Work to be completed.
Copy every entry exactly as given, minus the images.

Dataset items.
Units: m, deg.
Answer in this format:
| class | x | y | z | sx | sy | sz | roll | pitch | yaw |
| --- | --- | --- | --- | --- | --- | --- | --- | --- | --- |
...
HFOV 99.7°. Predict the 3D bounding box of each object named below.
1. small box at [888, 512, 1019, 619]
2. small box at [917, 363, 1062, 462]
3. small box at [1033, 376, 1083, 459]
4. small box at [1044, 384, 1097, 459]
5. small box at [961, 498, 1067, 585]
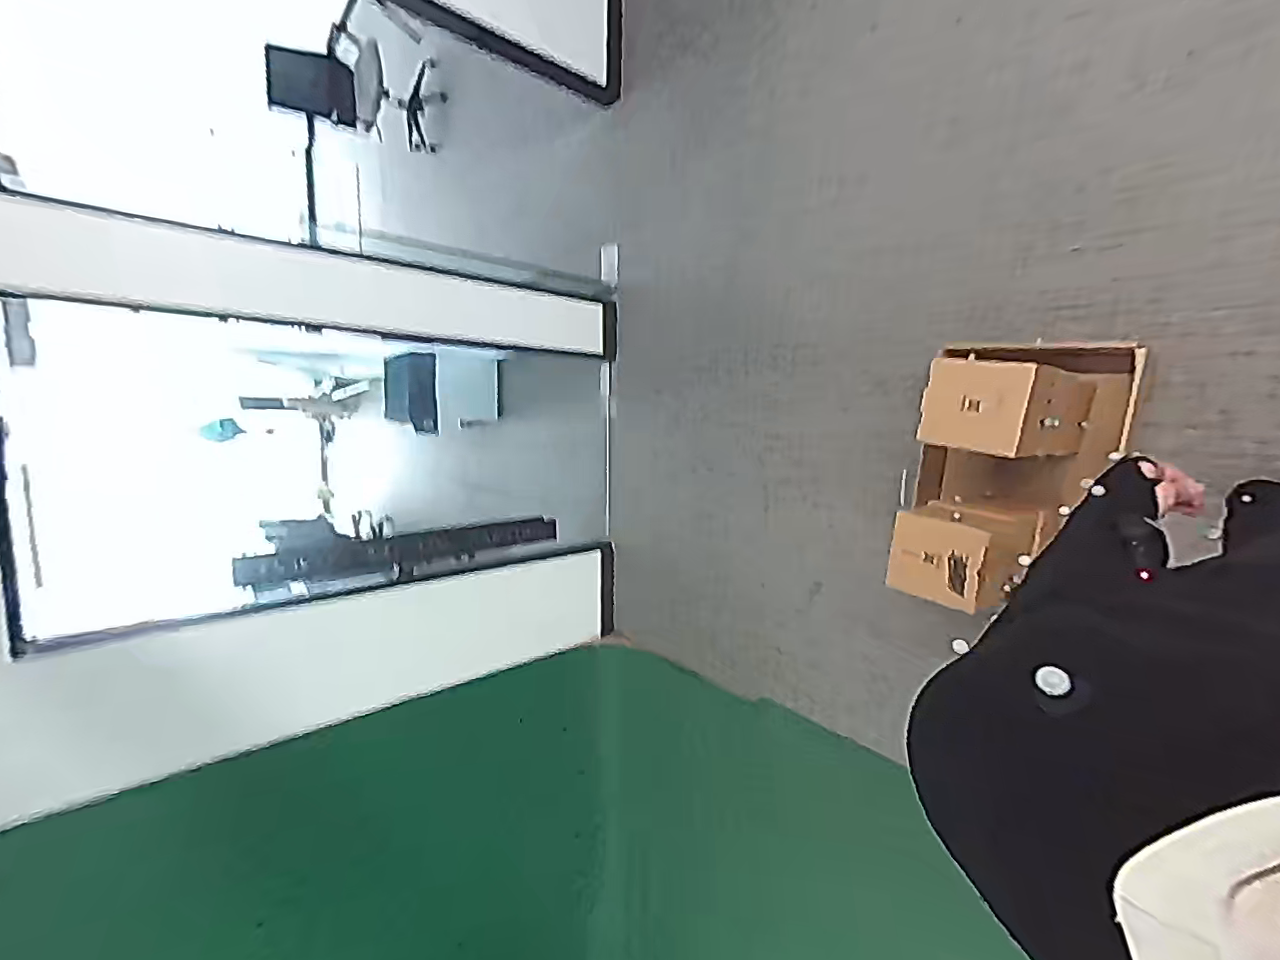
| class | x | y | z | sx | sy | sz | roll | pitch | yaw |
| --- | --- | --- | --- | --- | --- | --- | --- | --- | --- |
| small box | 0.649 | 0.165 | 1.118 | 0.179 | 0.176 | 0.168 | 16 | 105 | 51 |
| small box | 0.682 | -0.133 | 1.058 | 0.179 | 0.176 | 0.168 | 19 | 108 | 47 |
| small box | 0.807 | -0.142 | 1.162 | 0.179 | 0.176 | 0.168 | 19 | 108 | 49 |
| small box | 0.931 | -0.142 | 1.269 | 0.179 | 0.176 | 0.168 | 16 | 105 | 48 |
| small box | 0.904 | 0.142 | 1.324 | 0.179 | 0.176 | 0.168 | 16 | 105 | 50 |
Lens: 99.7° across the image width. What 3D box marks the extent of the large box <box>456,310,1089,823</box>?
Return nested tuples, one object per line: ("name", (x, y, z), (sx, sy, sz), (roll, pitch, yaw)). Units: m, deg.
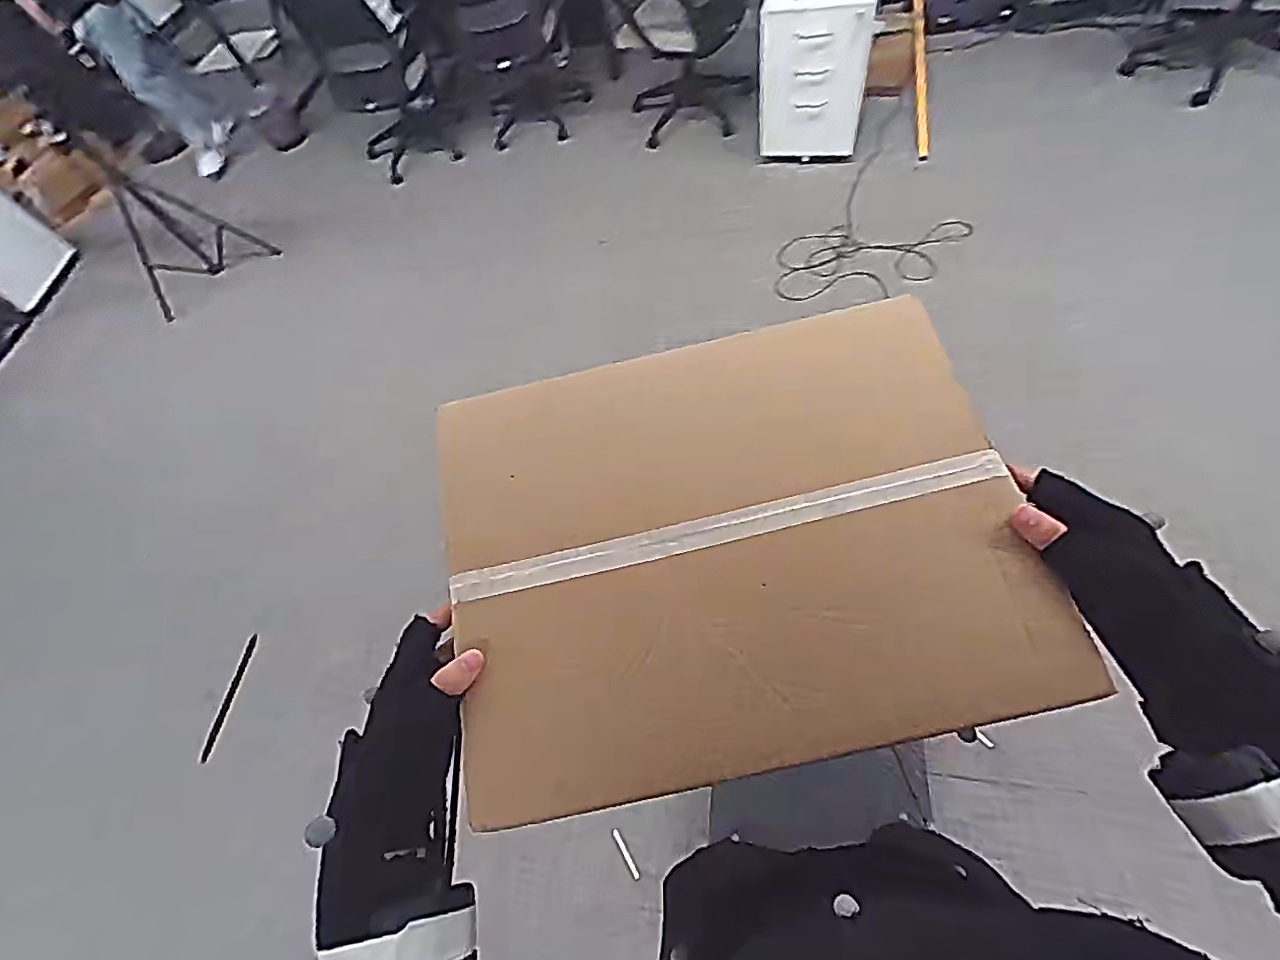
("large box", (0.082, 0.089, 0.538), (0.408, 0.320, 0.320), (-12, 68, 1))

Response box.
Units: m, deg.
Answer in this format:
| class | x | y | z | sx | sy | sz | roll | pitch | yaw |
| --- | --- | --- | --- | --- | --- | --- | --- | --- | --- |
...
HFOV 99.7°. Predict the 3D bounding box of each object named below.
1. small box at [888, 512, 1019, 619]
2. small box at [917, 363, 1062, 462]
3. small box at [1033, 376, 1083, 459]
4. small box at [1044, 384, 1097, 459]
5. small box at [961, 498, 1067, 585]
| class | x | y | z | sx | sy | sz | roll | pitch | yaw |
| --- | --- | --- | --- | --- | --- | --- | --- | --- | --- |
| small box | 0.649 | 0.165 | 1.118 | 0.179 | 0.176 | 0.168 | 16 | 105 | 51 |
| small box | 0.682 | -0.133 | 1.058 | 0.179 | 0.176 | 0.168 | 19 | 108 | 47 |
| small box | 0.807 | -0.142 | 1.162 | 0.179 | 0.176 | 0.168 | 19 | 108 | 49 |
| small box | 0.931 | -0.142 | 1.269 | 0.179 | 0.176 | 0.168 | 16 | 105 | 48 |
| small box | 0.904 | 0.142 | 1.324 | 0.179 | 0.176 | 0.168 | 16 | 105 | 50 |
Lens: 99.7° across the image width. What 3D box marks the extent of the large box <box>456,310,1089,823</box>?
Return nested tuples, one object per line: ("name", (x, y, z), (sx, sy, sz), (roll, pitch, yaw)). Units: m, deg.
("large box", (0.082, 0.089, 0.538), (0.408, 0.320, 0.320), (-12, 68, 1))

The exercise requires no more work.